### YOUR GOAL
A verbatim reproduction of the lines below, from the line containing "Item 6: Scan" through the line containing "area = 5.30 mm^2", both ends included, is the whole required output.

[SUPPLIED MATERIAL — start]

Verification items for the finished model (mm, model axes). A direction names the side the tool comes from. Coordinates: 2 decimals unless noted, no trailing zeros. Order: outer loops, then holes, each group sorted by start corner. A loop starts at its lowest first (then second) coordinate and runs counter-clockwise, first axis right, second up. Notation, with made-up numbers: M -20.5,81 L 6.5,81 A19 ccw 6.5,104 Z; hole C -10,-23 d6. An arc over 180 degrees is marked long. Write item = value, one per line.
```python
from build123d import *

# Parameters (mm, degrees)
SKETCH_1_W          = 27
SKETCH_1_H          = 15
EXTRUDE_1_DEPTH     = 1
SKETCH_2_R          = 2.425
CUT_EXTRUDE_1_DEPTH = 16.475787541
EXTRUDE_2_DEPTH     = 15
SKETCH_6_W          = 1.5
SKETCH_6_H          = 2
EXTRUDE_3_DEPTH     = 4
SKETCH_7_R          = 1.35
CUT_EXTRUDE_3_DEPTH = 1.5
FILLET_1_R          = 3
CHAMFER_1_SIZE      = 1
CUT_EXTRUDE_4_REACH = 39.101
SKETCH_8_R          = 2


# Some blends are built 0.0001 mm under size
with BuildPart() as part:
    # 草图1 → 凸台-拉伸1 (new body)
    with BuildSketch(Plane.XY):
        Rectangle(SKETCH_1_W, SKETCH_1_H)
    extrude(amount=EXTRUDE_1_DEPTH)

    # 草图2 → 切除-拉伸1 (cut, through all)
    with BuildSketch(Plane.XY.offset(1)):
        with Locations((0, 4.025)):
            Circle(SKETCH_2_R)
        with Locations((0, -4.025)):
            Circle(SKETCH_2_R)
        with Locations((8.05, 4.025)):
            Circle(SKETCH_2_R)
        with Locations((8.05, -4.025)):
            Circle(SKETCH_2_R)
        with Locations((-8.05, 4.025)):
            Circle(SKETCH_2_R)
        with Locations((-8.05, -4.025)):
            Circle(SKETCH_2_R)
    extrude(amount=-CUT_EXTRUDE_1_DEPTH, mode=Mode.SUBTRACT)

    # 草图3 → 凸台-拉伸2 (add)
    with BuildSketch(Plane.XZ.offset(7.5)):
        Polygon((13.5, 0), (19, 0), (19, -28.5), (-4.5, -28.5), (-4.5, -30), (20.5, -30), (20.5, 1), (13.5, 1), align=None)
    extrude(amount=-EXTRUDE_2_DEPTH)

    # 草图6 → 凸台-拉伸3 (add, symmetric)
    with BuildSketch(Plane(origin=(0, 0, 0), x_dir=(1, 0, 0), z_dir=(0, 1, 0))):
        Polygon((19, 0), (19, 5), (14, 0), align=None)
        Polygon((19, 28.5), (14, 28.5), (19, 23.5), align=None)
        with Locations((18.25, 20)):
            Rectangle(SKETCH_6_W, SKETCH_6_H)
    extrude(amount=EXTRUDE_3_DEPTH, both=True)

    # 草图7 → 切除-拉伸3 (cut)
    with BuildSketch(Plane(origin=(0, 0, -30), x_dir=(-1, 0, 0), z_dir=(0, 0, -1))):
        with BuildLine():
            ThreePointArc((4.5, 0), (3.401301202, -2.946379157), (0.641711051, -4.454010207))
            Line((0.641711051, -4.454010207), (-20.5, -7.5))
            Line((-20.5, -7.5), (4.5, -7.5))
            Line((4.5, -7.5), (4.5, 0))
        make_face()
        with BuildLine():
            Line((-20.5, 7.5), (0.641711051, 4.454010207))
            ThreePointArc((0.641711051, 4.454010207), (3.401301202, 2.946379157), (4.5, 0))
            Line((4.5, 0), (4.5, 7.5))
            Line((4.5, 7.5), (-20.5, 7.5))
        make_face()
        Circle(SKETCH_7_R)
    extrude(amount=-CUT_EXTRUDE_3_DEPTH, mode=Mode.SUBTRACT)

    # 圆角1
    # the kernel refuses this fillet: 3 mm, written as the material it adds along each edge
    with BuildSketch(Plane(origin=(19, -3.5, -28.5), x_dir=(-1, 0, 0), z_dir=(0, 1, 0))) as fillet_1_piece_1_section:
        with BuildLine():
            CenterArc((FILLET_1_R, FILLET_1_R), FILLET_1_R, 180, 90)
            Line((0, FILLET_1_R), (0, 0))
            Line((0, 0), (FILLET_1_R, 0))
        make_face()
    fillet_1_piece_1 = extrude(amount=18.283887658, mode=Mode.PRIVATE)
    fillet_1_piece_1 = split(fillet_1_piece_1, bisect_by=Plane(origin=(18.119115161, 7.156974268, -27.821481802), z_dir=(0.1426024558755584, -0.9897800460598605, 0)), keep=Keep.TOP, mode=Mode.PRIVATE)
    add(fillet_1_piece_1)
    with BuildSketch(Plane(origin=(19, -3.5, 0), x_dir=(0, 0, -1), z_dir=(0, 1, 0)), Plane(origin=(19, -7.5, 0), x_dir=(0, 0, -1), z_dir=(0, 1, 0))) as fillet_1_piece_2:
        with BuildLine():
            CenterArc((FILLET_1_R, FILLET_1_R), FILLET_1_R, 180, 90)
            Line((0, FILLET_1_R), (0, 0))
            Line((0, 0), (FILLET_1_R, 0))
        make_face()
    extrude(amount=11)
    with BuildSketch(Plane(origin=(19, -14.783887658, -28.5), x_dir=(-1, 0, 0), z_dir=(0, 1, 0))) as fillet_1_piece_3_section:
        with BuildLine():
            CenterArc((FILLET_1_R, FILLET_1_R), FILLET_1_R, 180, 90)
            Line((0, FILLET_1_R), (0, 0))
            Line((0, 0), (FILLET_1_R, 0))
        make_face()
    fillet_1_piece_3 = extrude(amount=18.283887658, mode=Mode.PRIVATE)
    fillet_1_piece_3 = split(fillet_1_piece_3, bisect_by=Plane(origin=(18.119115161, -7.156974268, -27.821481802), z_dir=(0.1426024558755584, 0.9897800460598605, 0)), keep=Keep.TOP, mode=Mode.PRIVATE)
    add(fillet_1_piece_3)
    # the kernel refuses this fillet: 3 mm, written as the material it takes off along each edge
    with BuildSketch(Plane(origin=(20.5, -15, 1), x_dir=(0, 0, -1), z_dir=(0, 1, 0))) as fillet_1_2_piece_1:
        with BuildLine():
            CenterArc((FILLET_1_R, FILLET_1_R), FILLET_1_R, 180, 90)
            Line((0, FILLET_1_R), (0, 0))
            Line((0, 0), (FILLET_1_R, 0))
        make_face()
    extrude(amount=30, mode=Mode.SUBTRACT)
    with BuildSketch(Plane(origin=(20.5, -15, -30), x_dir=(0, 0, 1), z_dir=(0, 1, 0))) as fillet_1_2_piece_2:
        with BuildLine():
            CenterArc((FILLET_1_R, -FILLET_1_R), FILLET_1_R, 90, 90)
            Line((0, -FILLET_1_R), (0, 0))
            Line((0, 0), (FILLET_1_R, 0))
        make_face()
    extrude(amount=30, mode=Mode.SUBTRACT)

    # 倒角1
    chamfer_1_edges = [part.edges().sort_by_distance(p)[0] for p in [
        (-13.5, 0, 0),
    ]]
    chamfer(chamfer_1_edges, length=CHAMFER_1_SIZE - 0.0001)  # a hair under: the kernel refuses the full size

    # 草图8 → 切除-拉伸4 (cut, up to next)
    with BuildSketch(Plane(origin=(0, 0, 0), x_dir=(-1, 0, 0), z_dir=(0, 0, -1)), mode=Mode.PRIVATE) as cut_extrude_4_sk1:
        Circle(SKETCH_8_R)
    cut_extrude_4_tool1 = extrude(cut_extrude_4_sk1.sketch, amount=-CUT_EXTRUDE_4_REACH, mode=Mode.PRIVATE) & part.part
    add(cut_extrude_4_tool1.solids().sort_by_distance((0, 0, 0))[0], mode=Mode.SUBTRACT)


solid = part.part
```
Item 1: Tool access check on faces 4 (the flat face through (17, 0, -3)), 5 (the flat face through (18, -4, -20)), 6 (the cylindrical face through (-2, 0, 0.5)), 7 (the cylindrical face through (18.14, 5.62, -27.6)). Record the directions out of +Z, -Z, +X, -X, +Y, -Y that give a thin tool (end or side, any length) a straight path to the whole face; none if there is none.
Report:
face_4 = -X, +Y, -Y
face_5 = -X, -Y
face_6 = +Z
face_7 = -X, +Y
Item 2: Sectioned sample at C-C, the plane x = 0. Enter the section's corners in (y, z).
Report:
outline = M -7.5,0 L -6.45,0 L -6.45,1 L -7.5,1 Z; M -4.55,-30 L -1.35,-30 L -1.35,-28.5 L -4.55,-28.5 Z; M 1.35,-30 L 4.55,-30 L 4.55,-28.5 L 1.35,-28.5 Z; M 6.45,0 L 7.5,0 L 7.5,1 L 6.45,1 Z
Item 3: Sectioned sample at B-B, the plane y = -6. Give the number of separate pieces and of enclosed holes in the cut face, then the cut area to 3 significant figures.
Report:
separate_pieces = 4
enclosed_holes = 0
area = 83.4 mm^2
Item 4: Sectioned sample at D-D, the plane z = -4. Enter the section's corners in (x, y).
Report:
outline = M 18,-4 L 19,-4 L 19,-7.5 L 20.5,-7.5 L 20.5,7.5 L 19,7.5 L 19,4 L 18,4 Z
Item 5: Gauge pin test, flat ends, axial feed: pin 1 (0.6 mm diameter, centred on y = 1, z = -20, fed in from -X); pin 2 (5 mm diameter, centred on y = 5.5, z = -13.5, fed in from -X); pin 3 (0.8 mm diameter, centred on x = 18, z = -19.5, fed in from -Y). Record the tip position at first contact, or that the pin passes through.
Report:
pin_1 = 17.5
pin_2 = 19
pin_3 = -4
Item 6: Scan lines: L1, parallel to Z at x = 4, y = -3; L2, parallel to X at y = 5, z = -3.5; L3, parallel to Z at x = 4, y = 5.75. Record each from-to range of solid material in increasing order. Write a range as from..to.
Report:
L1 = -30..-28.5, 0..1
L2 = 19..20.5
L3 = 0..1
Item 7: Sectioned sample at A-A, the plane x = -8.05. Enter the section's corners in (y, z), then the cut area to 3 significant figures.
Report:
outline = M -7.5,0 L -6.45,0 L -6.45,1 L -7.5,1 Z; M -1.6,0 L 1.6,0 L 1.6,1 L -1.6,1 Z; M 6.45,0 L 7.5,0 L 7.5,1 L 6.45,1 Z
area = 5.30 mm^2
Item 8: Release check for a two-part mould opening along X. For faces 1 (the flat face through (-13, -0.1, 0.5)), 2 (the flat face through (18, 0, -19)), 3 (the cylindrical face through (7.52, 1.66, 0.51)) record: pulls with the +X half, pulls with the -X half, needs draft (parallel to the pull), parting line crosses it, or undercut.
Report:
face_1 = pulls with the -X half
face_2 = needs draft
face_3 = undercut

[SUPPLIED MATERIAL — finish]

### RESPONSE AREA
Item 6: Scan lines: L1, parallel to Z at x = 4, y = -3; L2, parallel to X at y = 5, z = -3.5; L3, parallel to Z at x = 4, y = 5.75. Record each from-to range of solid material in increasing order. Write a range as from..to.
Report:
L1 = -30..-28.5, 0..1
L2 = 19..20.5
L3 = 0..1
Item 7: Sectioned sample at A-A, the plane x = -8.05. Enter the section's corners in (y, z), then the cut area to 3 significant figures.
Report:
outline = M -7.5,0 L -6.45,0 L -6.45,1 L -7.5,1 Z; M -1.6,0 L 1.6,0 L 1.6,1 L -1.6,1 Z; M 6.45,0 L 7.5,0 L 7.5,1 L 6.45,1 Z
area = 5.30 mm^2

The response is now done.